What Does Self-Service Security Do for AppSec?

  • DevOps teams with high levels of security integration are more than twice as likely to use self-service security and compliance validation
  • Only 25% of orgs with low security integration can remediate security vulnerabilities in one day

As organizations mature their DevSecOps practices, one of the key success factors bubbling up over all others is that self-service tooling is at the crux of effectively folding security into the development pipeline. The more self-service options and more mature the approach for delivering them to the DevOps cadre, the faster and more effective they are at fixing vulnerabilities and securely developing applications.

This was one of the major security takeaways from the 2020 State of DevOps report recently released by Puppet Labs, which found that:

The self-service offering of security and compliance validation is positively related to level of security integration. Those with full security integration are over twice as likely as those with no security integration to offer security and compliance validation as a self-service capability.

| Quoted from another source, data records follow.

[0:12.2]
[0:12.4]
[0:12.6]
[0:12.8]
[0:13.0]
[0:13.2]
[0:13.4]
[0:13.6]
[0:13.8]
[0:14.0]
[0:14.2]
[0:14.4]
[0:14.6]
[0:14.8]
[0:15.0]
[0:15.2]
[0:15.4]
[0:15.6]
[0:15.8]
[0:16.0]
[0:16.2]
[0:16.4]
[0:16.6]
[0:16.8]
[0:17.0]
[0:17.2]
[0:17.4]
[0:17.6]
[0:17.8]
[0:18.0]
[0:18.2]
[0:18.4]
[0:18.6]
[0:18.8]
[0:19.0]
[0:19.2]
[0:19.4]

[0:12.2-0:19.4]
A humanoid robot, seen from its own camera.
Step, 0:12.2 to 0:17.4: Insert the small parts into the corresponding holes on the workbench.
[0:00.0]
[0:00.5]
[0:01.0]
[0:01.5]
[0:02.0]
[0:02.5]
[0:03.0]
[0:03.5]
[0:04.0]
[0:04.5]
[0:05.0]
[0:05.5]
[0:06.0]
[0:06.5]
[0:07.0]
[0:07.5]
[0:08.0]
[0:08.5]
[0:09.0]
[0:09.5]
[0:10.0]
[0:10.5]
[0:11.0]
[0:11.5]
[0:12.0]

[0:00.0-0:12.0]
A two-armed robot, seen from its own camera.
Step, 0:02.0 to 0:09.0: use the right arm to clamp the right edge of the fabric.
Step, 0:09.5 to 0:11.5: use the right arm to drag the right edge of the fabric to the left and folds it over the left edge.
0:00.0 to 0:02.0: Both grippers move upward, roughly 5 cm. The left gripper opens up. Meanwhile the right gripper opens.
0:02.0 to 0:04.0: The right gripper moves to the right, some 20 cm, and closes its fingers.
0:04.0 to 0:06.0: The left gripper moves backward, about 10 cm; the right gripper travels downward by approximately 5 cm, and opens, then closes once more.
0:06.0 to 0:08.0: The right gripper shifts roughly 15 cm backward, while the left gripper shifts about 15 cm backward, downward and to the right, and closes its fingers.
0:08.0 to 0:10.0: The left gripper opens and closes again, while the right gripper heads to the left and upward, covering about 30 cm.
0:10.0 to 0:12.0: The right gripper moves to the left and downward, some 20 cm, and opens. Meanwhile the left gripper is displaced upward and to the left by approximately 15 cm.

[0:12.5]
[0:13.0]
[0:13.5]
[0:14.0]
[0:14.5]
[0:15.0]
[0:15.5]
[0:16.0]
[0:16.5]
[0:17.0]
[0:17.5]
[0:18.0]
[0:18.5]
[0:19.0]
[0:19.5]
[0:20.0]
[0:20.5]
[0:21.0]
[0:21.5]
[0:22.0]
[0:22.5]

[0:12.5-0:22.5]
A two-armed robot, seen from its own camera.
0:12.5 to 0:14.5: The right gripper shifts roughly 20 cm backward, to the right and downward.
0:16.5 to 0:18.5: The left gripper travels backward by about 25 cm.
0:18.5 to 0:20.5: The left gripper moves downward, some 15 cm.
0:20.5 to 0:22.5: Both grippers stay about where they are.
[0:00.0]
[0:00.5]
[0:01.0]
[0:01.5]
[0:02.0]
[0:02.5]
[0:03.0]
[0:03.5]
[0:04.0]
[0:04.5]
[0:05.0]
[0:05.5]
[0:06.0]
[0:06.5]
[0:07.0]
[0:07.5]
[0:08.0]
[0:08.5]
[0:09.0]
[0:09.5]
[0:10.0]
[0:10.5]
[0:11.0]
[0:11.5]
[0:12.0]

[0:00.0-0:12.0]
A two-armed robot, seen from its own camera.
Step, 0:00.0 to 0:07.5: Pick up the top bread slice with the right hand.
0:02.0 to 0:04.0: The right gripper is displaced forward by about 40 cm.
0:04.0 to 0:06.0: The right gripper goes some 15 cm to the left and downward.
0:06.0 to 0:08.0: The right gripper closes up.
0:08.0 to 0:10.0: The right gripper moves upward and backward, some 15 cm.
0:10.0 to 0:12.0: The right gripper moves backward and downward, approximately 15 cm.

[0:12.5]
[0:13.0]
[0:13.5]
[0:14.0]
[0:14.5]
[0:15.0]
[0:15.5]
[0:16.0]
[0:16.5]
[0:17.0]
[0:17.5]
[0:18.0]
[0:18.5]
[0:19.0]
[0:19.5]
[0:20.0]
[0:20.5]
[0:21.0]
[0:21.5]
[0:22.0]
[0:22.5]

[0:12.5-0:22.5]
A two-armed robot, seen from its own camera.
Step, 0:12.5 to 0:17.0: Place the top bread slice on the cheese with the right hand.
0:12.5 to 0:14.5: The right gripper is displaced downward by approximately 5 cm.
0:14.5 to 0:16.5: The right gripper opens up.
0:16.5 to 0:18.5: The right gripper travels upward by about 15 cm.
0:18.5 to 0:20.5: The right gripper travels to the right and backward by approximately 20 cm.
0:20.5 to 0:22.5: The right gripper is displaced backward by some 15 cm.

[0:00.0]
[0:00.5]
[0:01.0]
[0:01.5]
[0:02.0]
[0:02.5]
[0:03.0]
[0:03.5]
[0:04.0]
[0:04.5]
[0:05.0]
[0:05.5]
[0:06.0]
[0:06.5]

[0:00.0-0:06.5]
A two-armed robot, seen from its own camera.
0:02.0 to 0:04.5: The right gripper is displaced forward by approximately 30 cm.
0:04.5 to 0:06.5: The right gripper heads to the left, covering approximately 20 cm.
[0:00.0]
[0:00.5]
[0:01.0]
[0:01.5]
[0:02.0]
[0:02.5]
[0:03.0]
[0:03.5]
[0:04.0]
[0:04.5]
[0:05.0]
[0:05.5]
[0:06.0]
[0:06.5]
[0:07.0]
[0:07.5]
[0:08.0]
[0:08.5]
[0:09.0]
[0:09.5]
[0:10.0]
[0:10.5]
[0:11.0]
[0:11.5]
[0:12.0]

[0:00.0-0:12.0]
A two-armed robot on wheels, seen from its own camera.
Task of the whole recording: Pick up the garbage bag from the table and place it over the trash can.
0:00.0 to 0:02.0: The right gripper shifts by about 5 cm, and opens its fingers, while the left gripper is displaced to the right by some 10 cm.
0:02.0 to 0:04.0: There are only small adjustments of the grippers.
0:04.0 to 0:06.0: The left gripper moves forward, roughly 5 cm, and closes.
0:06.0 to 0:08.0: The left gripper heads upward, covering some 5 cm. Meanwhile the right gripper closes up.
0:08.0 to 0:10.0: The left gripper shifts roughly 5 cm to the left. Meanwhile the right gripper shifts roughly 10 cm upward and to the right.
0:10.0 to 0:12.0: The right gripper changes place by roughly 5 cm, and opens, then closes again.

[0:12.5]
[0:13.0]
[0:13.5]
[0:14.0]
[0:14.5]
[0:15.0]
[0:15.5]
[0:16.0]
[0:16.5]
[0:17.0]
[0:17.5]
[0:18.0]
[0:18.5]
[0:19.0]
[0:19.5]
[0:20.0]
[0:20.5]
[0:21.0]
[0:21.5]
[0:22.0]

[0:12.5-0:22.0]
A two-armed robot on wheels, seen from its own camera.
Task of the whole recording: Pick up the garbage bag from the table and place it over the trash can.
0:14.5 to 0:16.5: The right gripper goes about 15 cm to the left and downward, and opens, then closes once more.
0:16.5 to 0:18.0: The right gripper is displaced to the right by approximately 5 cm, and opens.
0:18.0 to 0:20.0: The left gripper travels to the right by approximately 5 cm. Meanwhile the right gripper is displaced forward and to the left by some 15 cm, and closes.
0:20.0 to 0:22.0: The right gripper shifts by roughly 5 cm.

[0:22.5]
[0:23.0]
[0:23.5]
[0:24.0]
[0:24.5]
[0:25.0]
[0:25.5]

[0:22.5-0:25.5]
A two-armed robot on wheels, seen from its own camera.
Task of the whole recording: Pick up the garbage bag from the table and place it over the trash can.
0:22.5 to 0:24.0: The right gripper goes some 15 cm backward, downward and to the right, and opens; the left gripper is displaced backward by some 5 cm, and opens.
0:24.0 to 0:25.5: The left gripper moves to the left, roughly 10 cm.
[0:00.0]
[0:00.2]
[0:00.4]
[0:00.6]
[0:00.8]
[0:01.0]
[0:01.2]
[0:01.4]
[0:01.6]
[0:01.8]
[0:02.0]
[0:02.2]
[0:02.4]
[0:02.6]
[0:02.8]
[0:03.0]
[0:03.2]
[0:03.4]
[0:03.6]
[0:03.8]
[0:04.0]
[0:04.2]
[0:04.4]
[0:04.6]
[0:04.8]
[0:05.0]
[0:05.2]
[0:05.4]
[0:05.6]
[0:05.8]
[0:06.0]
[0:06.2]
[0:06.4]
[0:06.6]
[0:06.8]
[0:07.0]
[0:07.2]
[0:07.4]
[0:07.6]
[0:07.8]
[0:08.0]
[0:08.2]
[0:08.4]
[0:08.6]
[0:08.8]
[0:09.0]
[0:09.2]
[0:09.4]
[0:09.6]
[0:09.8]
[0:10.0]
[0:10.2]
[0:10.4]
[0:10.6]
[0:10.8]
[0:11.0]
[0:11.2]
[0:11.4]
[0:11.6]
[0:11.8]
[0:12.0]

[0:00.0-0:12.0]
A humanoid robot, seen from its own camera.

And security integration, the study explained, is the secret sauce for swiftly fixing security flaws in software. Among DevSec organizations with low security integration, just 25% can remediate vulnerabilities within a day. Meantime, among those with the highest level of security integration—with security checks included during requirements, design, building, testing, and deployment—45% can fix their flaws in 24 hours.

As the report detailed, integrating security across all five stages “is more than just shifting security checks to the left.” These organizations have fundamentally rethought their approach to how security staff interacts with DevOps teams, and how tools and validation are utilized. Fundamental to this rethink is the delivery of self-service tooling to DevOps teams. Organizations with the highest levels of integration are more than twice as likely to offer self-service security and compliance validation than those with low levels of security integration.

These offerings are often part of a broader push by high-maturity DevOps programs to provide a full range of operational self-service capabilities to developers through an internal platform approach. Internal platforms are often developed by a platform team that tends to the care and feeding of infrastructure, environments, deployment pipelines, and internal services that provide dev teams with what they need to build, deploy, and run their applications. The report found a strong tie between DevOps maturity and the use of internal platforms. The most mature firms were twice as likely as mid-level organizations to rely heavily on internal platforms, and six times more likely to lean on them than low-maturity orgs.

A key component of these platforms is self-service functionality.

“The platform team provides an interface between the underlying infrastructure and tooling and the teams consuming those services, enabling application teams to focus on building their products instead of nitty-gritty implementation or operational details,” the report explains. “Self-service enables developers to work at their own pace without having to make requests and wait for fulfillment.”

Whether the services offered are for security or other functions, the report authors recommend that organizations remember that platforms are not one-and-done projects.

“Once you’ve assembled a platform team, commit to keeping it in place so they can continue to develop and improve the platform, meeting new organizational needs as they arise,” the report says.